2.【數據挖掘】二手車交易價格預測大賽-探索性數據分析(EDA)
2.1 什麼是探索性數據分析
探索性數據分析(EDA ,Exploratory Data Analysis),是指對已有的數據(特別是調查或觀察得來的原始數據)在儘量少的先驗假定下進行探索,通過作圖、製表、方程擬合、計算特徵量等手段探索數據的結構和規律的一種數據分析方法。
2.2 本案例的探索性分析流程
實驗工具:Jupyter Notebook
(1)導入各種數據科學庫以及可視化庫
#coding:utf-8
import warnings
warnings.filterwarnings('ignore') # 導入warnings包,利用過濾器來實現忽略警告語句
import numpy as np
import pandas as pd
import matplotlib.pyplot as plt
import seaborn as sns
import missingno as msno
(2)載入數據
Train_data = pd.read_csv('data/train.csv', sep=' ')
Test_data = pd.read_csv('data/testA.csv', sep=' ')
(3)查看數據基本情況
Train_data.head().append(Train_data.tail()) # 簡要查看前五行和後五行;
Train_data.shape
Test_data.head().append(Test_data.tail())
Test_data.shape
Train_data.describe()
Test_data.describe()
Train_data.info() # 查看數據的基本信息
Test_data.info()
(4)判斷數據異常情況
- 缺失值總數統計
Train_data.isnull().sum() # 缺失值總數統計
Test_data.isnull().sum()
- nan可視化
missing = Train_data.isnull().sum()
missing = missing[missing > 0]
missing.sort_values(inplace=True)
missing.plot.bar()
msno.matrix(Train_data.sample(250))
msno.bar(Train_data.sample(1000))
msno.matrix(Test_data.sample(250))
msno.bar(Test_data.sample(1000))
-
查看異常值
通過以上返回結果知
notRepairedDamage
列需要糾正。
Train_data['notRepairedDamage'].value_counts() # 對該列的值進行統計
Train_data['notRepairedDamage'].replace('-', np.nan, inplace=True) # 對未知值’-‘用nan表示
Train_data['notRepairedDamage'].value_counts() # 查看修改後結果
Test_data['notRepairedDamage'].value_counts()

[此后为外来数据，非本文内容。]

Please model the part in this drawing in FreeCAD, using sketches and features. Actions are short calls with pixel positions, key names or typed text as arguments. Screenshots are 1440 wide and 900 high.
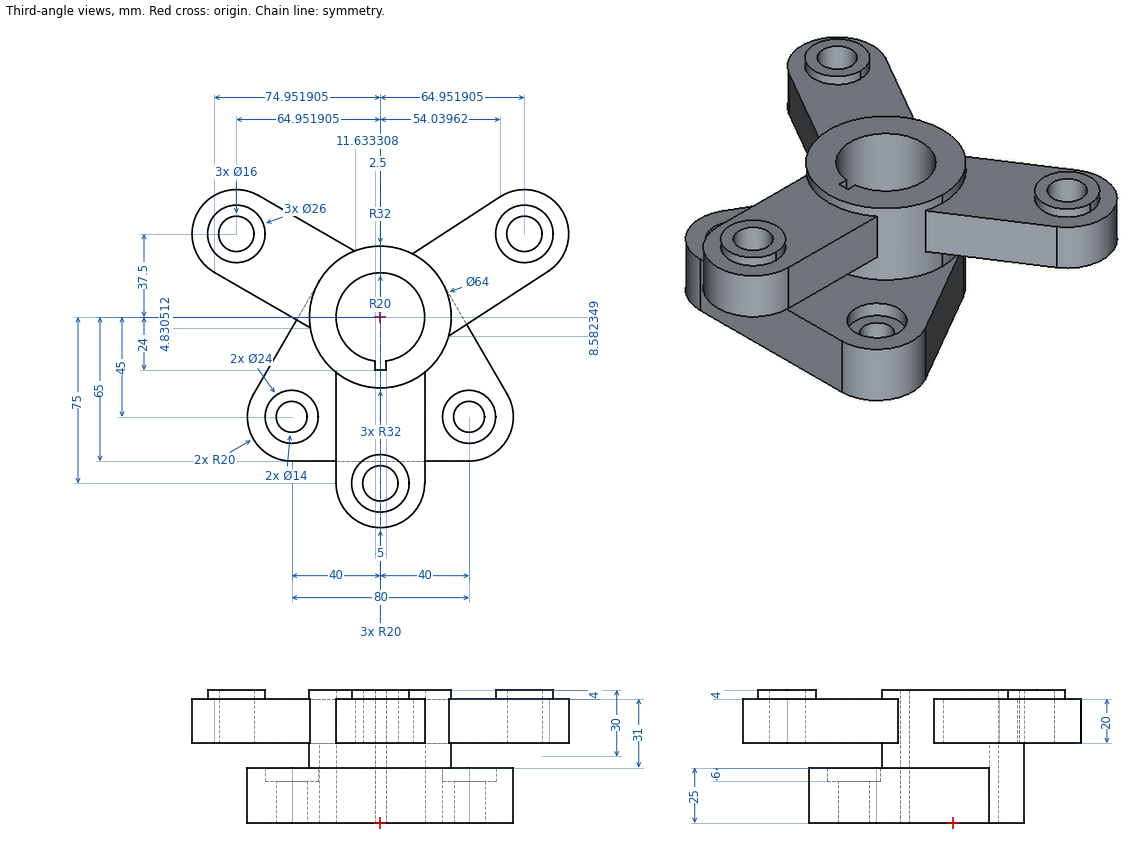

Test_data['notRepairedDamage'].replace('-', np.nan, inplace=True)
- 清理嚴重傾斜的數據
Test_data['seller'].value_counts()
Train_data['offerType'].value_counts()
del Train_data['seller']
del Train_data['offerType']
del Test_data['seller']
del Test_data['offerType']
(5)瞭解預測值分佈情況
Train_data['price'] # 數據price列
Train_data['price'].value_counts()
- 總體分佈情況
import scipy.stats as st
y = Train_data['price']
plt.figure(1); plt.title('Johnson SU')
sns.distplot(y, kde=False, fit=st.johnsonsu) #無界約翰遜分佈
plt.figure(2); plt.title('Normal')
sns.distplot(y, kde=False, fit=st.norm)
plt.figure(3); plt.title('Log Normal')
sns.distplot(y, kde=False, fit=st.lognorm)
- 查看
skewness and kurtosis
,即偏度與峯值
sns.distplot(Train_data['price']);
print("Skewness: %f" % Train_data['price'].skew())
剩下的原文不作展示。